Bardi è il paese di origine di Antonio Samorè arcivescovo, cardinale dal 1967 (Fondatore nel 1973 e primo presidente del Centro Studi Valceno), che in Lituania ha vissuto dal 1932 al 1938 con la rappresentanza della Santa Sede. Durante la sua permanenza nella repubblica baltica monsignor Samorè si affezionò molto a quella terra, alla popolazione e il suo cuore non si staccò mai dalla sorte infelice di una nazione cattolica fiera della propria identità che, nell’agosto 1940, verrà invasa dalle truppe sovietiche perdendo la propria indipendenza. Sempre nel dopoguerra e fino alla morte, monsignor Antonio Samorè fu amico affettuoso e sollecito della comunità lituana, incoraggiando ogni iniziativa religiosa, culturale e di soccorso che sostenesse la causa del popolo oppresso e ne tenesse viva la fiera anima in attesa di risorgere. Infatti quando
lascia Kaunas per nuovi incarichi diplomatici di crescente complessità, sceglie di avere al suo fianco come segretario il sacerdote lituano Vincas Mincevičius, anche nei periodi di vacanza a Bardi. E don Mincevičius sceglie il centro della Val Ceno per coltivare l’identità lituana in esilio. Il 17 settembre 1962, (cerimonia molto particolare a Bardi), viene consacrata una croce lituana in legno alta 4 metri e mezzo. Nel 1962, sulle carte geografiche non c’è più alcuna Lituania, ancora parte dell’Unione sovietica. Ma naturalmente per i lituani quella terra sul baltico resta Lituania e se non possono preservare la loro memoria in patria, lo fanno da esuli là dove hanno incontrato amici. La croce, (da tempo deterioratasi e sostituita), fu un simbolo di resistenza culturale.

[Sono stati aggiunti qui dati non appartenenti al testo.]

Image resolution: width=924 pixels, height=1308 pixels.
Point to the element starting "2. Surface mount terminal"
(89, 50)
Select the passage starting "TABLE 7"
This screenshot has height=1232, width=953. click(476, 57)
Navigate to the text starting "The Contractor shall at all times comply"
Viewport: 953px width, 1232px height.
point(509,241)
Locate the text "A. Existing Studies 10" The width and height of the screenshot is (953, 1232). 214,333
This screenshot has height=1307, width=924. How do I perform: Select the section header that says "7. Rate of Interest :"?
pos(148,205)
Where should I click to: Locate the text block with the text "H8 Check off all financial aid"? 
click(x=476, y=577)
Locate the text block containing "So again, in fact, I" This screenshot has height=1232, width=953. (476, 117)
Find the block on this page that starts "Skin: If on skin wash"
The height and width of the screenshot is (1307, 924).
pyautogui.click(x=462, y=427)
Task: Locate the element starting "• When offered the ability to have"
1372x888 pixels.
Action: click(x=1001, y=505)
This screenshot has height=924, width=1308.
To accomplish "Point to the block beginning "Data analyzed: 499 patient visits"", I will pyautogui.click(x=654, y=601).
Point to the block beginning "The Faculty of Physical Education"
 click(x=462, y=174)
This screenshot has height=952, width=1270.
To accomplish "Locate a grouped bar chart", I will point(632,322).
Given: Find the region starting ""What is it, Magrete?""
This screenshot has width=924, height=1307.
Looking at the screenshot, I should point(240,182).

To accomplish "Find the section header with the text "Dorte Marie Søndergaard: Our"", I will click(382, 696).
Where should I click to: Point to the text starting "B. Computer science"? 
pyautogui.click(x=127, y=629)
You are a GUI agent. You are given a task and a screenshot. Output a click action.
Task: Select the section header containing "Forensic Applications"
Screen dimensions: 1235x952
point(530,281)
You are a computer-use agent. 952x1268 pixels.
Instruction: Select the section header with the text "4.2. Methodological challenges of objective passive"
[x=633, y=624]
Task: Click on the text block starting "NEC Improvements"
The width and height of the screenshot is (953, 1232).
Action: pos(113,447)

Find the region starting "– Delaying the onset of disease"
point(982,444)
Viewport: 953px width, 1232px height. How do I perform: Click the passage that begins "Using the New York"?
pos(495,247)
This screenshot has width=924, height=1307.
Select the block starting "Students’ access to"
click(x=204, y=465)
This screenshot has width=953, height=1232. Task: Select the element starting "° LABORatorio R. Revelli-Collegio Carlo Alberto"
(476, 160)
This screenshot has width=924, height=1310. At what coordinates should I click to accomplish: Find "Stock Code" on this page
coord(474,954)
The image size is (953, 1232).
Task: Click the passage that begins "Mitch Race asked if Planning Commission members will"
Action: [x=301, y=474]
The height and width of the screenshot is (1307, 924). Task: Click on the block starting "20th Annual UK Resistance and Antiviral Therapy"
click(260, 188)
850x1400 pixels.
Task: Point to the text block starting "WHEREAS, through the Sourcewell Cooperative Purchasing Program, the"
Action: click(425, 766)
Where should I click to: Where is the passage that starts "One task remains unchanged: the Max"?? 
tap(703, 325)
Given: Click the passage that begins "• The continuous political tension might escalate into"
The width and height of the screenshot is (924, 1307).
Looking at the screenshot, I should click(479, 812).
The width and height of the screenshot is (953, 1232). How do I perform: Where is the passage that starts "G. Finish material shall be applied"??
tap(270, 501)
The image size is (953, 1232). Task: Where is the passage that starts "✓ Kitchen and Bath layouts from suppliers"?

Non l’unico, perché il cardinale Samorè, unitamente a Mincevičius, grazie a donazioni di compatrioti in Italia e negli Stati Uniti, nel 1965, commissiona al famoso pittore Dilvo Lotti una serie di affreschi all’interno della Casa della Gioventù per creare una “sala lituana”. Sulle pareti di questa stanza, in vividi colori si può vedere una mappa storica della Lituania oltre a diverse altre immagini affrescate di grande e simbolico significato.In questa pubblicazione bilingue, (italiano e lituano), approfondendo gli studi sulle “croci lituane” e sulla “sala lituana”, vogliamo, come precedentemente affermato, consolidare, rafforzare i rapporti con la comunità baltica nella speranza di ulteriori e significative iniziative che ci vedano sempre più uniti. (Centro Studi della Valle del Ceno).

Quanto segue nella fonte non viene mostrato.